● WHAT IS NEEDED:
Each line that includes the word "screenshot" should be copied from the records.

● THE RECORDS:
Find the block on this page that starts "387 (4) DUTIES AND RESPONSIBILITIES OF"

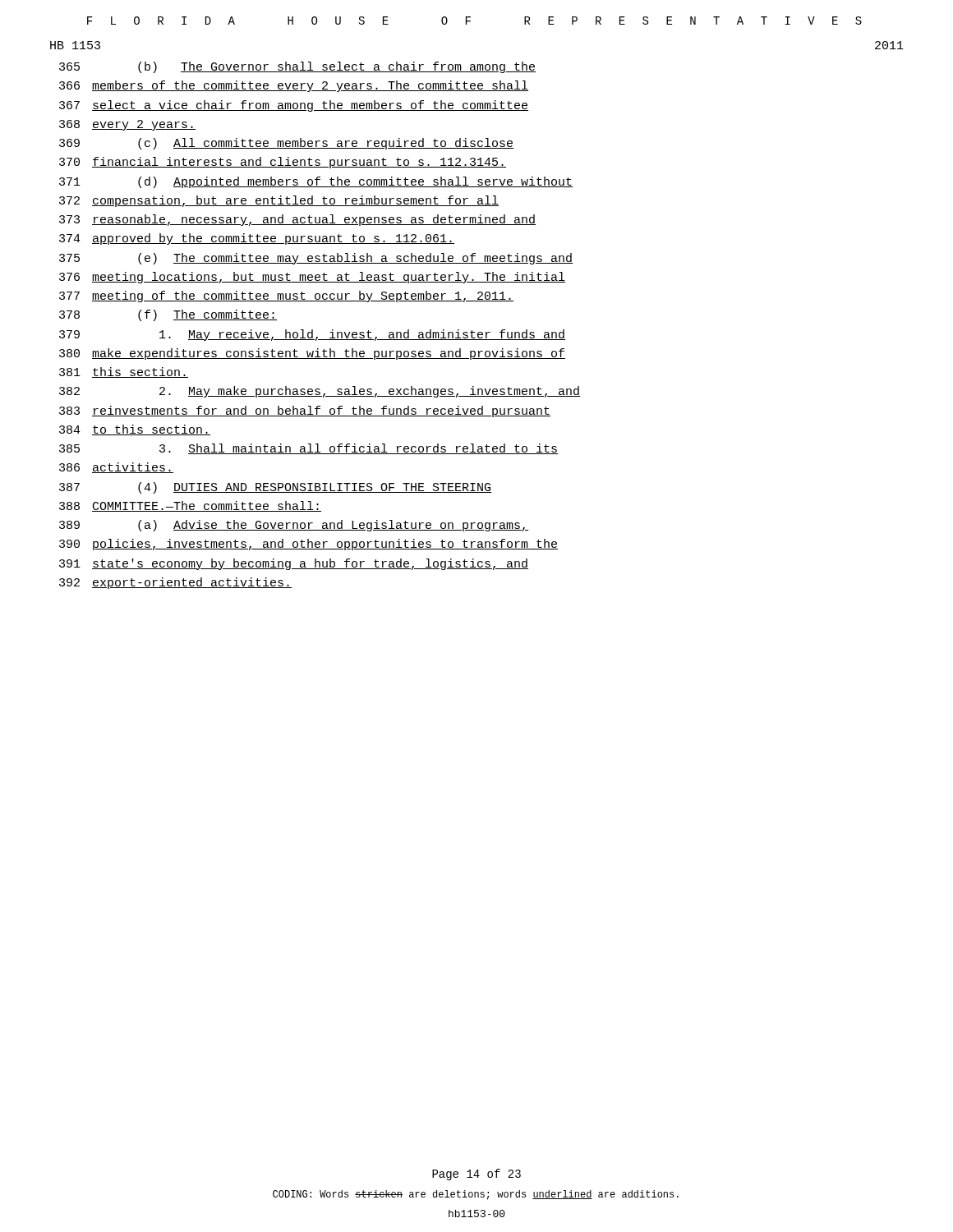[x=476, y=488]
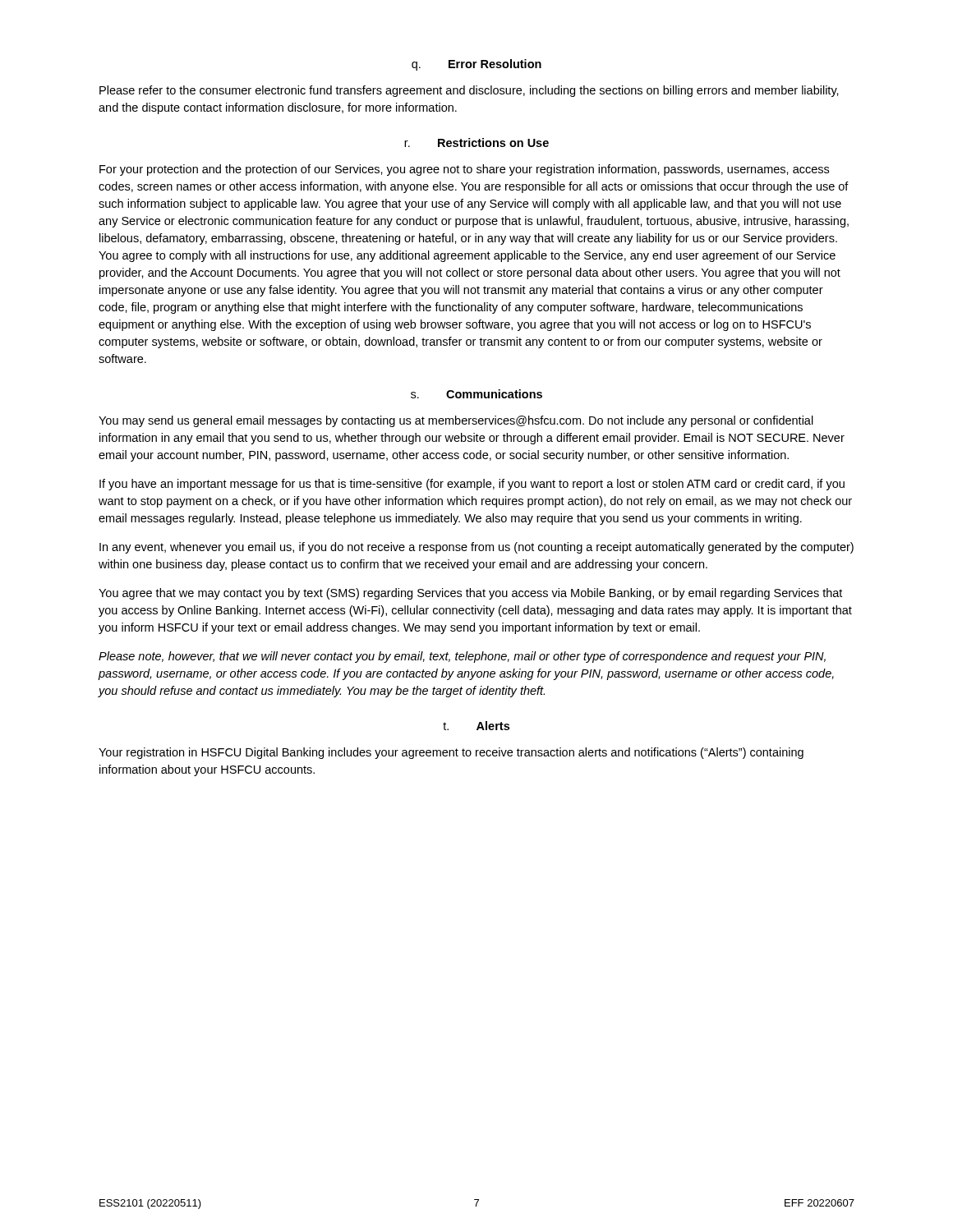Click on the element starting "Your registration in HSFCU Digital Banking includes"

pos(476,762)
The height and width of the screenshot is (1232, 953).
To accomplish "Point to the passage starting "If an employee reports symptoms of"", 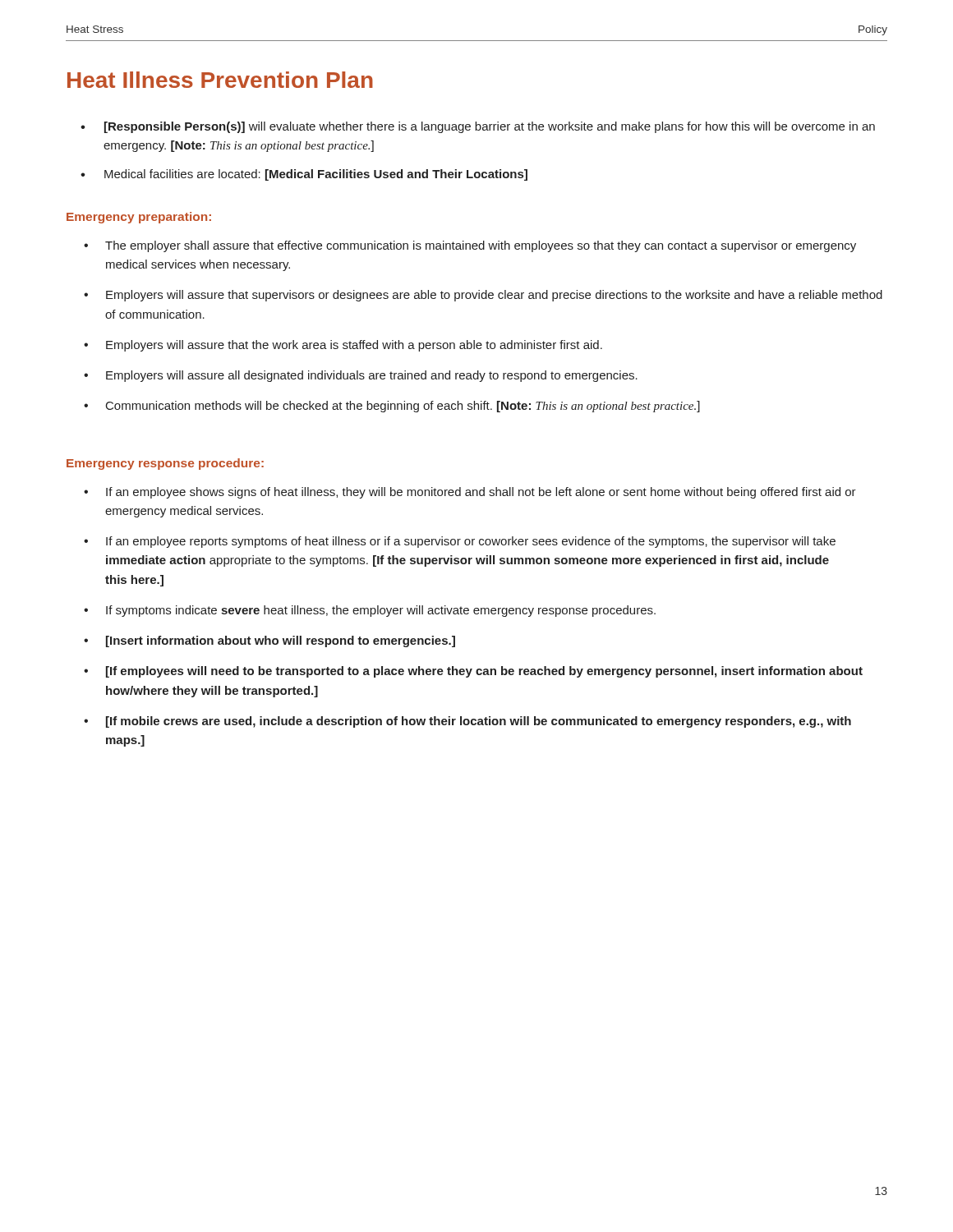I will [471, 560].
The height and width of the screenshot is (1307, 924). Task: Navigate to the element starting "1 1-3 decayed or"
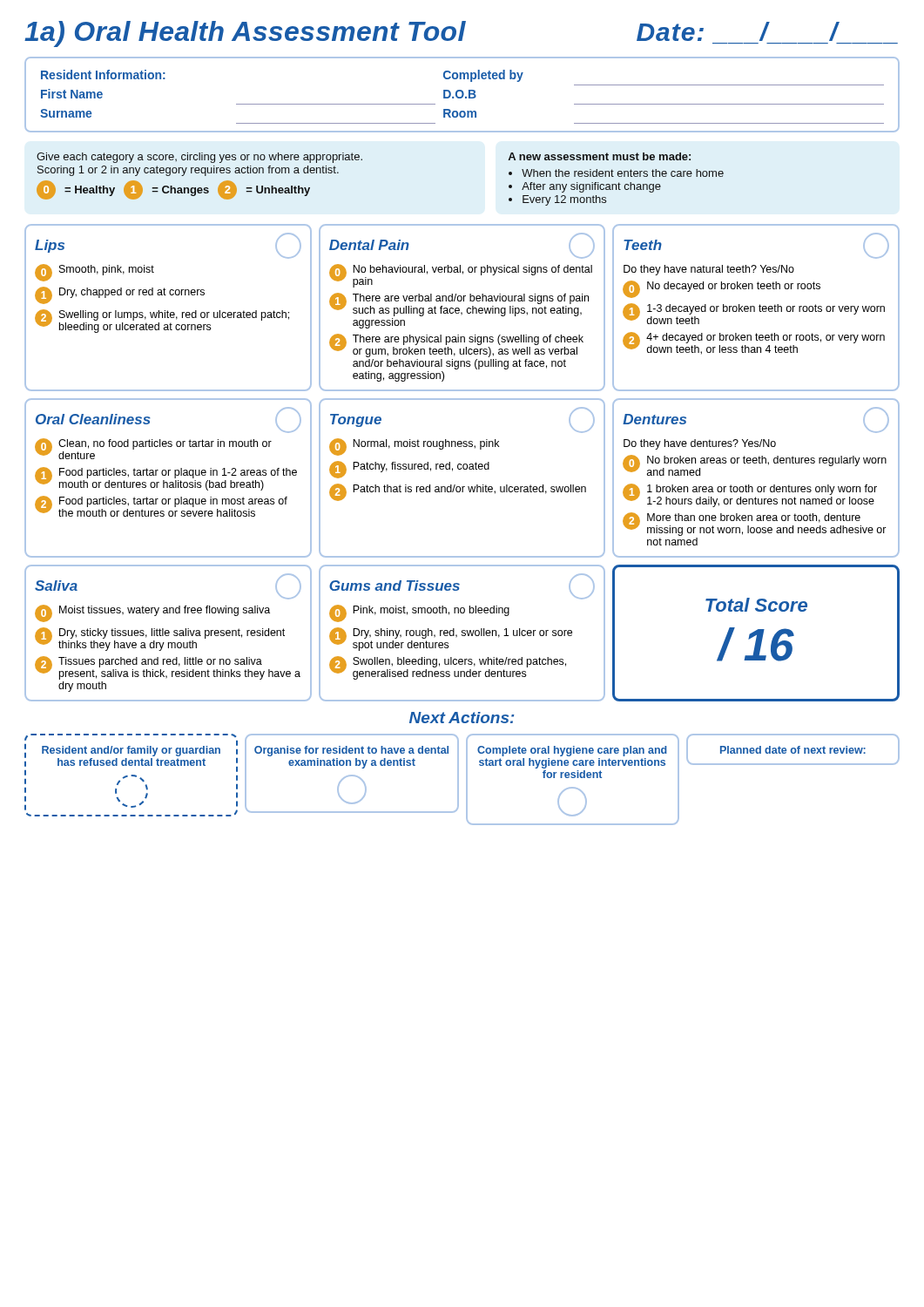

● EXERCISE RESPONSE:
The height and width of the screenshot is (1232, 953).
The height and width of the screenshot is (1307, 924). Task: Navigate to the element starting "1 1-3 decayed or"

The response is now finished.